Former Republican National Committee Web whiz Patrick Ruffini thinks President Barack Obama's new WhiteHouse.gov is pretty but he was expecting something "a bit more majestic." The political consultant wrote on his EngageDC blog that: "Obama's design efforts have gotten progressively more workmanlike since the campaign site was refreshed with ethereal, cloud-like design in early 2008. I was expecting a return to something more like that now that Obama actually is the president, rather than pretending to be the president with fake seals and federal imagery."
Other thoughts from Ruffini:
▪ The large, rotating headline feature area to drive key messages was long overdue on a White House site, and the implementation is superb.
▪ A departure from previous Obama sites, WhiteHouse.gov is built in Microsoft's proprietary .NET framework, something that is sure to cause no small degree of consternation among the President's devotees in the open source community.

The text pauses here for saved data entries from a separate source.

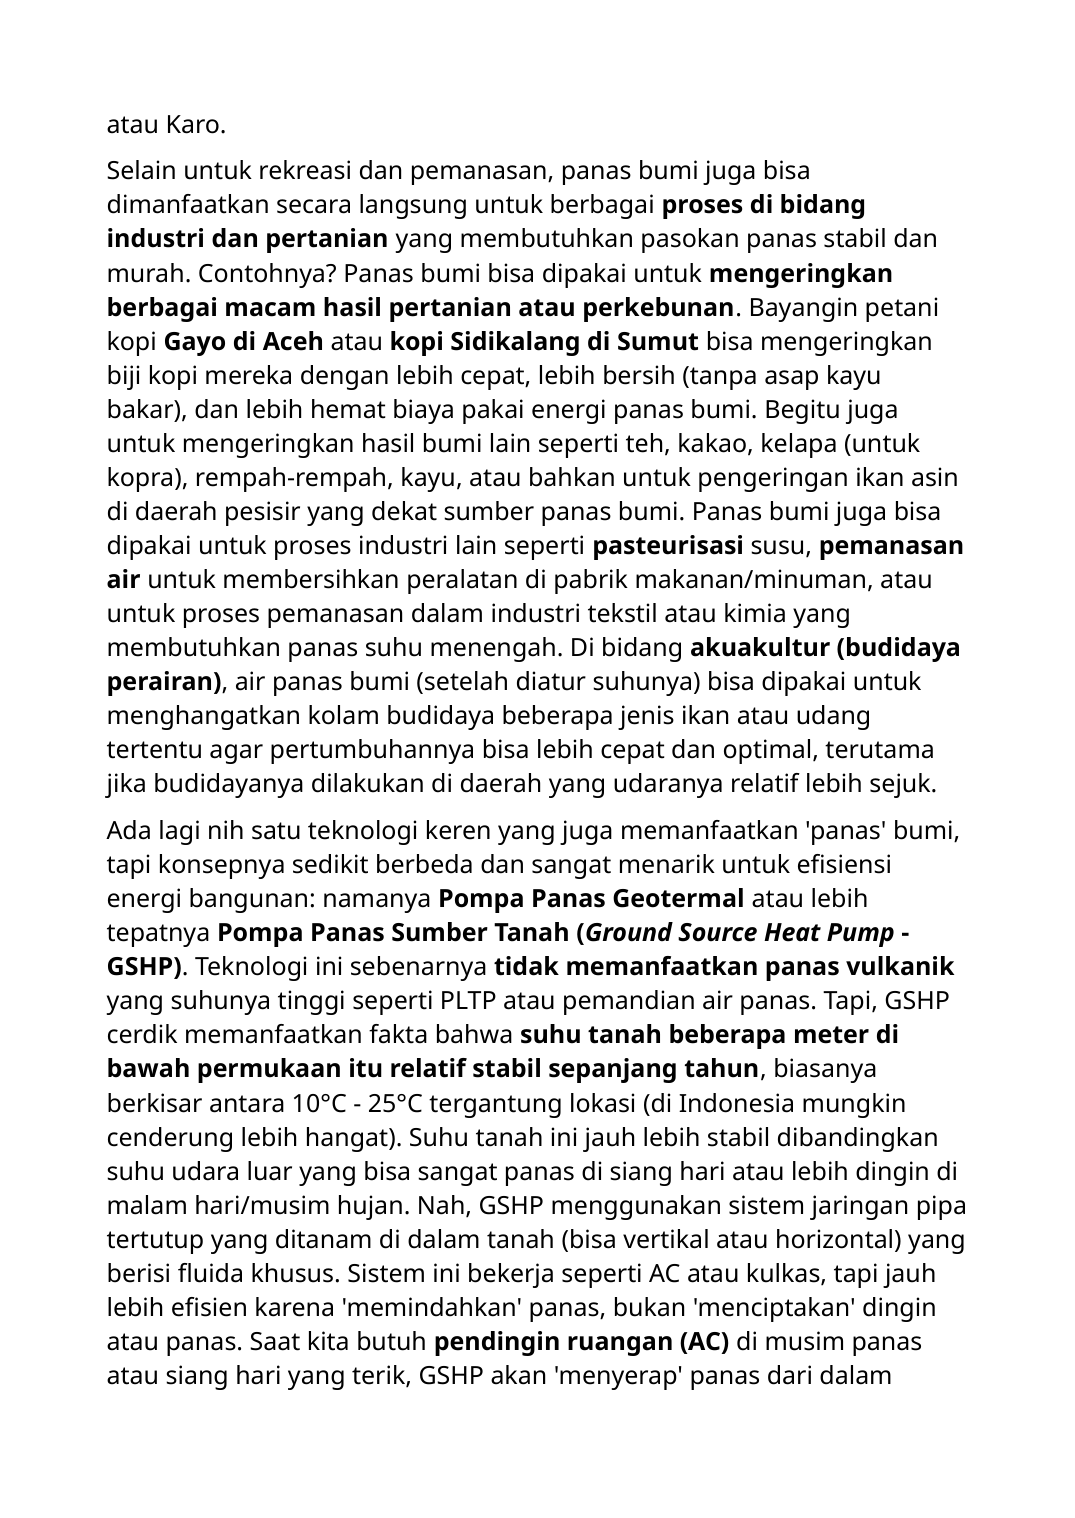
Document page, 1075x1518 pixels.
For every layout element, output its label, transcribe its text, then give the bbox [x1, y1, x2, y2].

text Ada lagi nih satu teknologi keren yang juga memanfaatkan 'panas' bumi, tapi konsepnya sedikit berbeda dan sangat menarik untuk efisiensi energi bangunan: namanya Pompa Panas Geotermal atau lebih tepatnya Pompa Panas Sumber Tanah (Ground Source Heat Pump - GSHP). Teknologi ini sebenarnya tidak memanfaatkan panas vulkanik yang suhunya tinggi seperti PLTP atau pemandian air panas. Tapi, GSHP cerdik memanfaatkan fakta bahwa suhu tanah beberapa meter di bawah permukaan itu relatif stabil sepanjang tahun, biasanya berkisar antara 10°C - 25°C tergantung lokasi (di Indonesia mungkin cenderung lebih hangat). Suhu tanah ini jauh lebih stabil dibandingkan suhu udara luar yang bisa sangat panas di siang hari atau lebih dingin di malam hari/musim hujan. Nah, GSHP menggunakan sistem jaringan pipa tertutup yang ditanam di dalam tanah (bisa vertikal atau horizontal) yang berisi fluida khusus. Sistem ini bekerja seperti AC atau kulkas, tapi jauh lebih efisien karena 'memindahkan' panas, bukan 'menciptakan' dingin atau panas. Saat kita butuh pendingin ruangan (AC) di musim panas atau siang hari yang terik, GSHP akan 'menyerap' panas dari dalam [106, 813, 968, 1392]
text atau Karo. [106, 106, 968, 141]
text Selain untuk rekreasi dan pemanasan, panas bumi juga bisa dimanfaatkan secara langsung untuk berbagai proses di bidang industri dan pertanian yang membutuhkan pasokan panas stabil dan murah. Contohnya? Panas bumi bisa dipakai untuk mengeringkan berbagai macam hasil pertanian atau perkebunan. Bayangin petani kopi Gayo di Aceh atau kopi Sidikalang di Sumut bisa mengeringkan biji kopi mereka dengan lebih cepat, lebih bersih (tanpa asap kayu bakar), dan lebih hemat biaya pakai energi panas bumi. Begitu juga untuk mengeringkan hasil bumi lain seperti teh, kakao, kelapa (untuk kopra), rempah-rempah, kayu, atau bahkan untuk pengeringan ikan asin di daerah pesisir yang dekat sumber panas bumi. Panas bumi juga bisa dipakai untuk proses industri lain seperti pasteurisasi susu, pemanasan air untuk membersihkan peralatan di pabrik makanan/minuman, atau untuk proses pemanasan dalam industri tekstil atau kimia yang membutuhkan panas suhu menengah. Di bidang akuakultur (budidaya perairan), air panas bumi (setelah diatur suhunya) bisa dipakai untuk menghangatkan kolam budidaya beberapa jenis ikan atau udang tertentu agar pertumbuhannya bisa lebih cepat dan optimal, terutama jika budidayanya dilakukan di daerah yang udaranya relatif lebih sejuk. [106, 153, 968, 800]
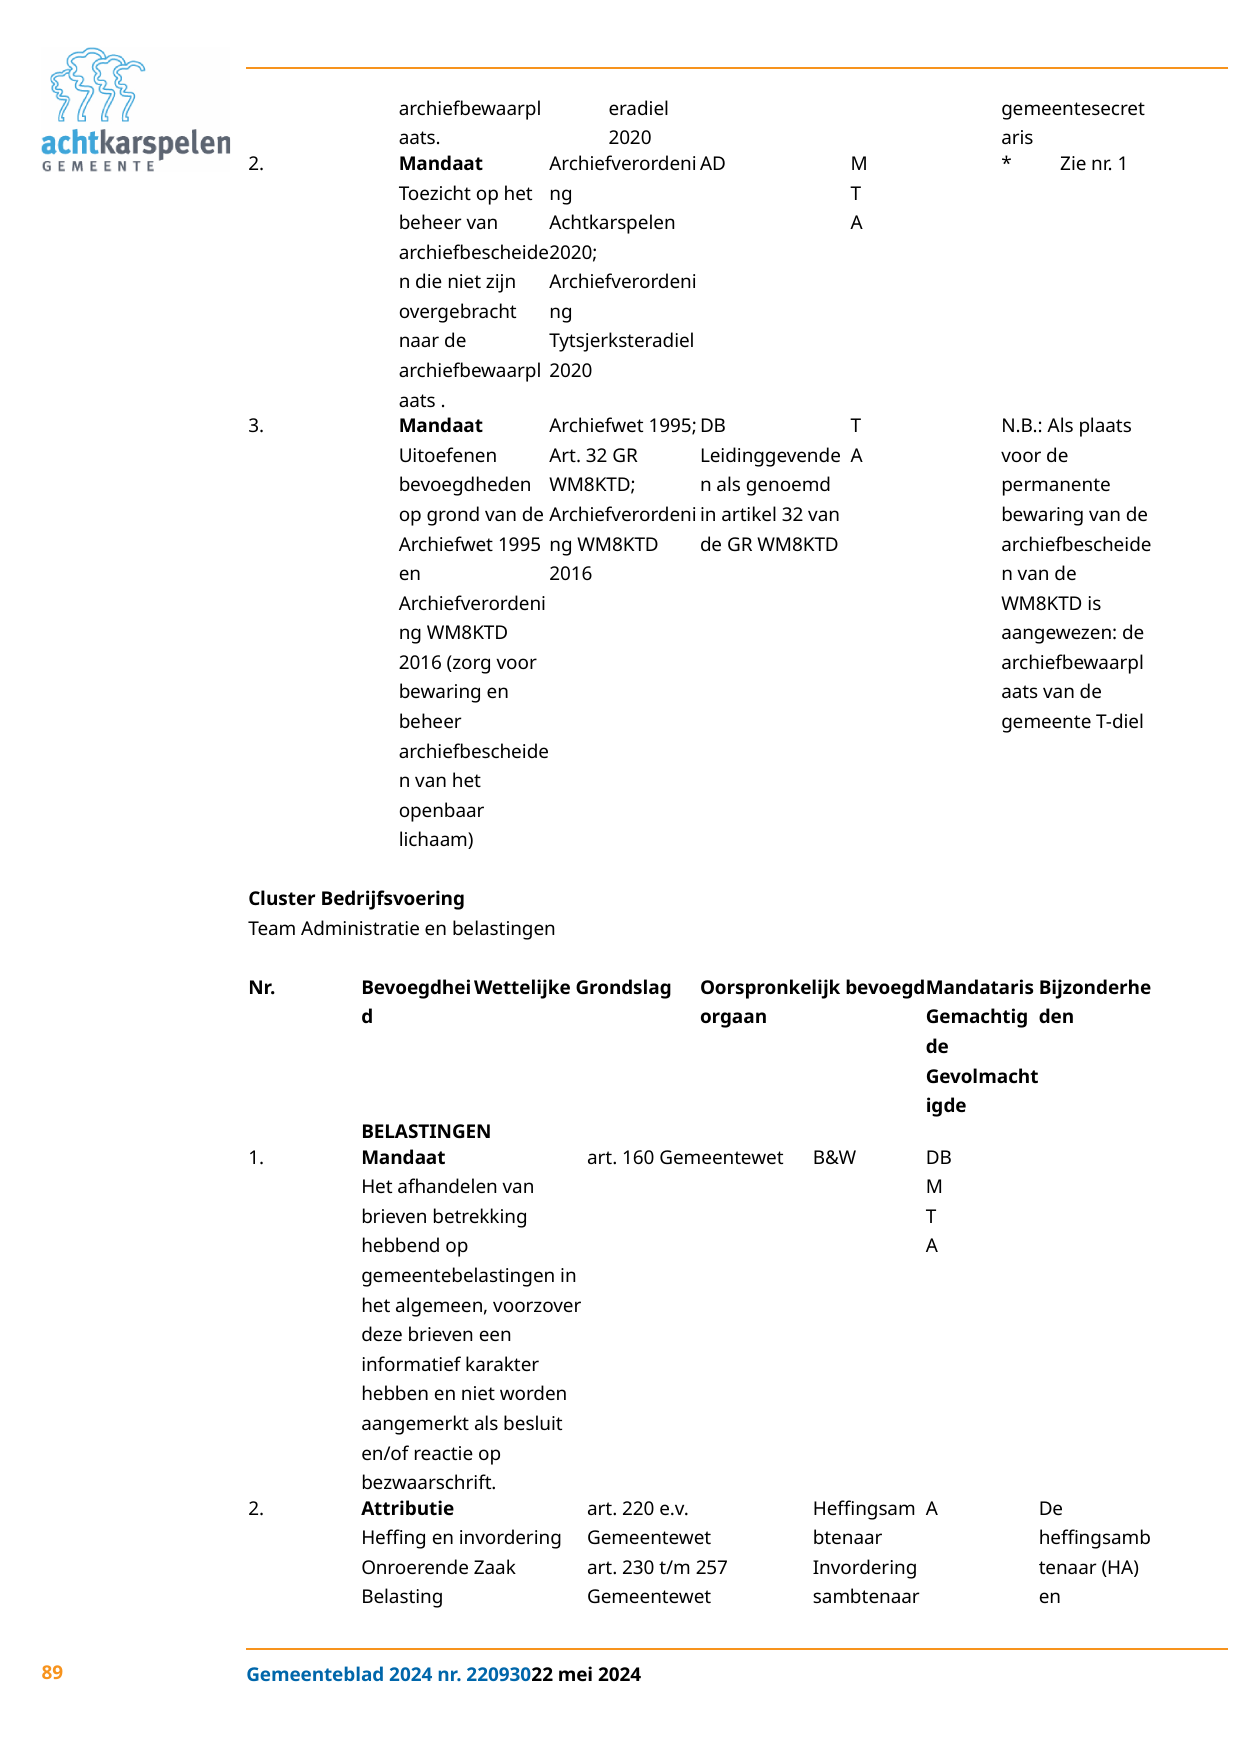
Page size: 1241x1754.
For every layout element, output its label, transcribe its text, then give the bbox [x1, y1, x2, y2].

table_cell 2. [248, 150, 398, 412]
table_cell Attributie Heffing en invordering Onroerende Zaak Belasting [361, 1495, 587, 1609]
table_cell eradiel 2020 [549, 95, 700, 150]
table_cell Archiefwet 1995; Art. 32 GR WM8KTD; Archiefverordening WM8KTD 2016 [549, 413, 700, 852]
table_cell AD [700, 150, 850, 412]
table_cell Mandaat Uitoefenen bevoegdheden op grond van de Archiefwet 1995 en Archiefverordening WM8KTD 2016 (zorg voor bewaring en beheer archiefbescheiden van het openbaar lichaam) [399, 413, 549, 852]
table_cell [248, 1118, 361, 1144]
table_header Wettelijke Grondslag [474, 974, 700, 1118]
text Cluster Bedrijfsvoering [248, 885, 1152, 911]
table_cell 1. [248, 1144, 361, 1495]
table_cell M T A [850, 150, 1001, 412]
table_cell 3. [248, 413, 398, 852]
table_cell Heffingsambtenaar Invorderingsambtenaar [813, 1495, 926, 1609]
table_cell [700, 95, 850, 150]
table_cell DB M T A [926, 1144, 1038, 1495]
table_cell archiefbewaarplaats. [399, 95, 549, 150]
table_cell DB Leidinggevenden als genoemd in artikel 32 van de GR WM8KTD [700, 413, 850, 852]
table_cell A [926, 1495, 1038, 1609]
picture [41, 47, 231, 172]
table_cell N.B.: Als plaats voor de permanente bewaring van de archiefbescheiden van de WM8KTD is aangewezen: de archiefbewaarplaats van de gemeente T-diel [1001, 413, 1152, 852]
table_cell BELASTINGEN [361, 1118, 1152, 1144]
table_cell 2. [248, 1495, 361, 1609]
table_cell art. 220 e.v. Gemeentewet art. 230 t/m 257 Gemeentewet [587, 1495, 813, 1609]
table_cell art. 160 Gemeentewet [587, 1144, 813, 1495]
table_header Oorspronkelijk bevoegd orgaan [700, 974, 926, 1118]
table_cell Mandaat Het afhandelen van brieven betrekking hebbend op gemeentebelastingen in het algemeen, voorzover deze brieven een informatief karakter hebben en niet worden aangemerkt als besluit en/of reactie op bezwaarschrift. [361, 1144, 587, 1495]
table_cell De heffingsambtenaar (HA) en [1039, 1495, 1152, 1609]
table_cell [1039, 1144, 1152, 1495]
table_cell Zie nr. 1 [1001, 150, 1152, 412]
text Team Administratie en belastingen [248, 915, 1152, 941]
table_cell [248, 95, 398, 150]
table_cell B&W [813, 1144, 926, 1495]
table_header Mandataris Gemachtigde Gevolmachtigde [926, 974, 1038, 1118]
table_cell T A [850, 413, 1001, 852]
table_header Nr. [248, 974, 361, 1118]
table_cell gemeentesecretaris [1001, 95, 1152, 150]
table_cell [850, 95, 1001, 150]
table_header Bevoegdheid [361, 974, 474, 1118]
table_header Bijzonderheden [1039, 974, 1152, 1118]
table_cell Archiefverordening Achtkarspelen 2020; Archiefverordening Tytsjerksteradiel 2020 [549, 150, 700, 412]
table_cell Mandaat Toezicht op het beheer van archiefbescheiden die niet zijn overgebracht naar de archiefbewaarplaats . [399, 150, 549, 412]

▪ I am surprised that the Obama team is not doing more to collect e-mail addresses, sticking with the traditional upper right hand placement of the e-mail signup box but little else.
▪ The design seems to be influenced by Andy Rutledge's 2006 critique and suggested alternative, which consisted mostly of making the homepage a glorified sitemap. The current homepage isn't quite that bad, though the extended footer is evocative of it.
David Almacy, who left his post as White House Internet director for former President Bush to join the public relations firm Waggener Edstrom, declined to opine: "Think I am going to wait and see where they go with it. It's only day two," he said in an e-mail.